Dia juga mengungkapkan berdasarkan hasil penelitian di laboratorium BPTP didapatkan reaksi tanah (pH) 56 persen atau tergolong sangat masam, kemudian 32 persen masam, agak masam, neutral dan agak basa masing-masing 4 persen. Survey dan analisis tanah itu juga bertujuan untuk membuat rekomendasi pemupukan berdasarkan analisis lapangan dan laboratorium untuk setiap distrik wilayah proyek.

Kondisi itu, katanya, telah menyebabkan produktivitas kakao Aceh rendah yakni sekitar 400 kg per ha atau masih jatuh dari rata-rata nasional 700 kg per ha. Bahkan, di beberapa tempat di luar Aceh, produktivitas kakao mencapai 2 ton per ha atau lebih.

Iskandar mengakui sistem budidaya yang belum memenuhi syarat seperti penggunaan bibit unggul, pemeliharaan seperti pemupukan, pengendalian hama penyakit dan pemangkasan sampai pascapanen menyebabkan produksi rendah.

“Pola dan dosis pemupukan kakao di Aceh belum ada, sehingga melalui rekomendasi ini, petani dapat melakukan pemupukan sesuai kesuburan tanah,” papar Iskandar seraya menyebutkan bahwa lab BPTP Aceh telah mendapat pengakuan dari lab Puslittanah Bogor dan Dr Peter Slavich, Direktur Wollongbar Agricultural Institute, NSW-DPI Australia serta rekomendasi tersebut telah disampaikan pada Aceh Kakao Conference di Banda Aceh pada 10 Maret 2011 lalu.

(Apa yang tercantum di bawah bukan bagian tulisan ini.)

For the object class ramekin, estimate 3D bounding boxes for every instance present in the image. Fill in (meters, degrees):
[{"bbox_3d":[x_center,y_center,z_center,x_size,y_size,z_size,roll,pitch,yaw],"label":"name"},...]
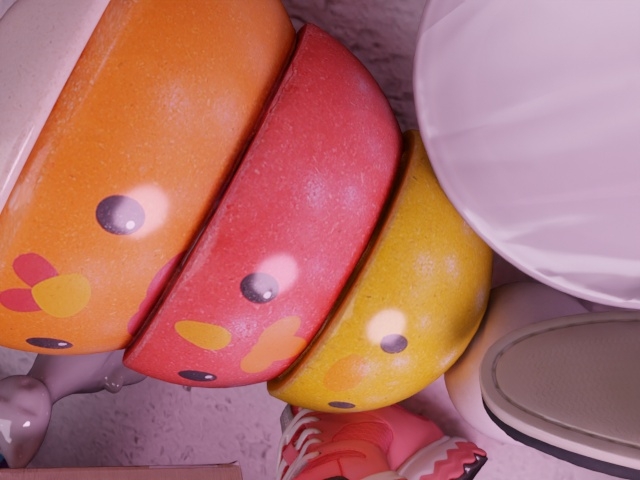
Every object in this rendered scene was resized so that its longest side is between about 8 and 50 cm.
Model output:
[{"bbox_3d":[0.202,-0.103,0.815,0.273,0.127,0.272,11,118,22],"label":"ramekin"}]

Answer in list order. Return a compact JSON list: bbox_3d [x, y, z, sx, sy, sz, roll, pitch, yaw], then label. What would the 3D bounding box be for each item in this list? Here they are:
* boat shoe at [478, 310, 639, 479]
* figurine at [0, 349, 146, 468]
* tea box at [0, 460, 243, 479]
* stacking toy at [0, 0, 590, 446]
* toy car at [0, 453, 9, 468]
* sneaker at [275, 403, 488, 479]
[{"bbox_3d":[0.265,0.125,0.860,0.340,0.127,0.113,0,136,-7],"label":"boat shoe"},{"bbox_3d":[-0.268,0.081,1.099,0.215,0.209,0.092,34,125,8],"label":"figurine"},{"bbox_3d":[-0.209,0.375,1.081,0.329,0.220,0.323,-36,57,51],"label":"tea box"},{"bbox_3d":[0.000,0.000,0.910,0.480,0.350,0.350,27,125,-7],"label":"stacking toy"},{"bbox_3d":[-0.355,0.212,1.265,0.136,0.159,0.182,20,129,-24],"label":"toy car"},{"bbox_3d":[0.007,0.173,0.955,0.136,0.314,0.116,37,103,19],"label":"sneaker"}]

Dalam rekomendasi tersebut, disebutkan pemberian kapur atau dolomit dilakukan 1 bulan sebelum atau sesudah pemberian pupuk. Dolomit yang mengandung CaO dan MgO lebih baik diberikan dari pada Kapur Pertanian yang hanya mengandung CaO. Pemberian Dolomit berkisar 150 - 300 gram/pohon/tahun tergantung lokasi.

M Ramlan, Kepala Lab BPTP Aceh menjelaskan lima kabupaten tersebut memiliki kandung Nitrogen, phospor dan kalium sangat rendah. Dia juga menyebutkan pemberian pupuk organik secara rutin akan menghemat sampai 50 persen pupuk non-organik seperti urea, TSP, NPK, dan lainnya. Dia menyarankan kompos sebaiknya sebanyak 30 kg/pohon/tahun kecuali di Desa Blang Makmur dan Lawe Nderasi, Aceh Tenggara.

Untuk meningkatkan kandungan Nitrogen, pemupukan urea sangat dianjurkan atau dapat pula menanam tanaman pelindung dan pemupukan dengan urea 200 - 300 gram/pohon/tahun. Kandungan phospor pemupukan dengan SP-36 sebanyak 50 - 100 gram/pohon/tahun. Kandungan kalium pupuk KCL/MOP 100 - 400 gram/pohon/tahun. Untuk melengkapi kebutuhan unsur hara dalam tanah maka perlu diberikan pupuk NPK (16-16-16) sebanyak 150 - 300 gram/pohon/tahun.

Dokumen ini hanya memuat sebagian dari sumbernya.